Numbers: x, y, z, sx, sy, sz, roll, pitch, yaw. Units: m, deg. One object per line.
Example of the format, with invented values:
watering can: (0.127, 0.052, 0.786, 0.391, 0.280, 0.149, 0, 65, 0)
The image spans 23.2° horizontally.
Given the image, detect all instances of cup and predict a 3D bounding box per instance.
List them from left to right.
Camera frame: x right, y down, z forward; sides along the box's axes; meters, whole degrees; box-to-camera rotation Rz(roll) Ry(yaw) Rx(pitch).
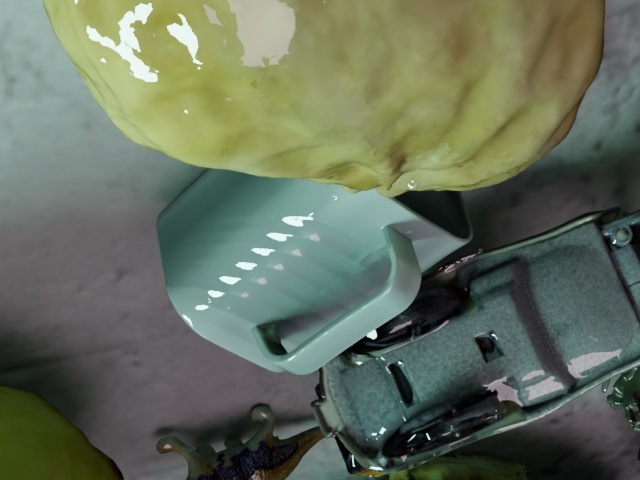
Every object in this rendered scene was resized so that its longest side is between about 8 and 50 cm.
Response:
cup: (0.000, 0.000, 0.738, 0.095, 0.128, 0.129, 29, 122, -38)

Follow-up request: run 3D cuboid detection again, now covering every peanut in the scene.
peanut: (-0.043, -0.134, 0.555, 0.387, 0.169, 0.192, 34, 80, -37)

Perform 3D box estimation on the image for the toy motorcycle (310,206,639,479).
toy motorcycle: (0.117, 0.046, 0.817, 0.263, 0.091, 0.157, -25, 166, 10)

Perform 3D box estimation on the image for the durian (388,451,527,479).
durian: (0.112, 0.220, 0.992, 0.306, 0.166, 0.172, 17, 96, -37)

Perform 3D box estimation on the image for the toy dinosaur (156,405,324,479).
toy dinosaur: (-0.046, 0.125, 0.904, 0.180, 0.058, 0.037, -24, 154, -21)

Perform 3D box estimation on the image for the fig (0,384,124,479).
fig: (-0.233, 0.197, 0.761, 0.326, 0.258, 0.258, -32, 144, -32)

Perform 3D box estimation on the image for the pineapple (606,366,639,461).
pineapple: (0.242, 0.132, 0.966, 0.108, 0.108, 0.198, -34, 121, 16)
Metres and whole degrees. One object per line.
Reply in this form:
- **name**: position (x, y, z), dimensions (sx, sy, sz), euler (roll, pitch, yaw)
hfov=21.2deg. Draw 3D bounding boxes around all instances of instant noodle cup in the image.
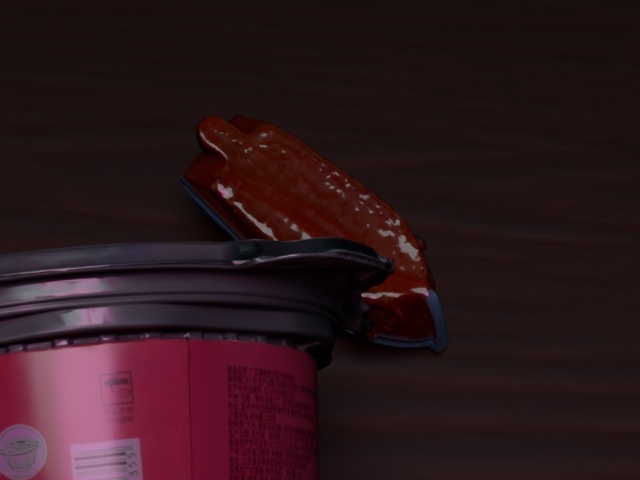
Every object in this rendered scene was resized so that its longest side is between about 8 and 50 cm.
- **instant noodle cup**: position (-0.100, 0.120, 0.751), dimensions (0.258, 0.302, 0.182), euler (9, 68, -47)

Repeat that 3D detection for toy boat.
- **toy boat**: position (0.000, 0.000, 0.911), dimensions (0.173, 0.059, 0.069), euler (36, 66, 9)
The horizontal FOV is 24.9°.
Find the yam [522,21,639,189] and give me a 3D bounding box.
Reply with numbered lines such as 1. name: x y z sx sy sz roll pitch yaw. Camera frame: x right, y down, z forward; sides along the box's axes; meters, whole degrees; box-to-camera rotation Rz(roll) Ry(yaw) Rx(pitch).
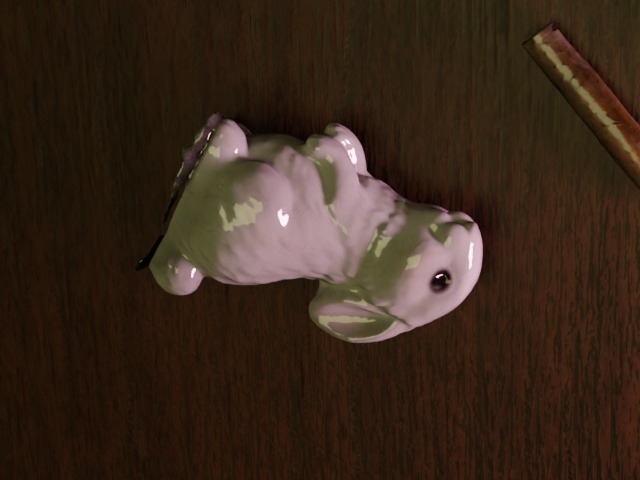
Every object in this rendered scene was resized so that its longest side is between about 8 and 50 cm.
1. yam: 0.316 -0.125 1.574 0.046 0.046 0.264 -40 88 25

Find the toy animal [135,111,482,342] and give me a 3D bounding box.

___

### Required action
Give back only the lines from the one that carries "The horizontal FOV is 24.9°." through the final line above, both included. Drop all pictures.

### Reply to the task
The horizontal FOV is 24.9°.
Find the yam [522,21,639,189] and give me a 3D bounding box.
Reply with numbered lines such as 1. name: x y z sx sy sz roll pitch yaw. Camera frame: x right, y down, z forward; sides along the box's axes; meters, whole degrees; box-to-camera rotation Rz(roll) Ry(yaw) Rx(pitch).
Every object in this rendered scene was resized so that its longest side is between about 8 and 50 cm.
1. yam: 0.316 -0.125 1.574 0.046 0.046 0.264 -40 88 25

Find the toy animal [135,111,482,342] and give me a 3D bounding box.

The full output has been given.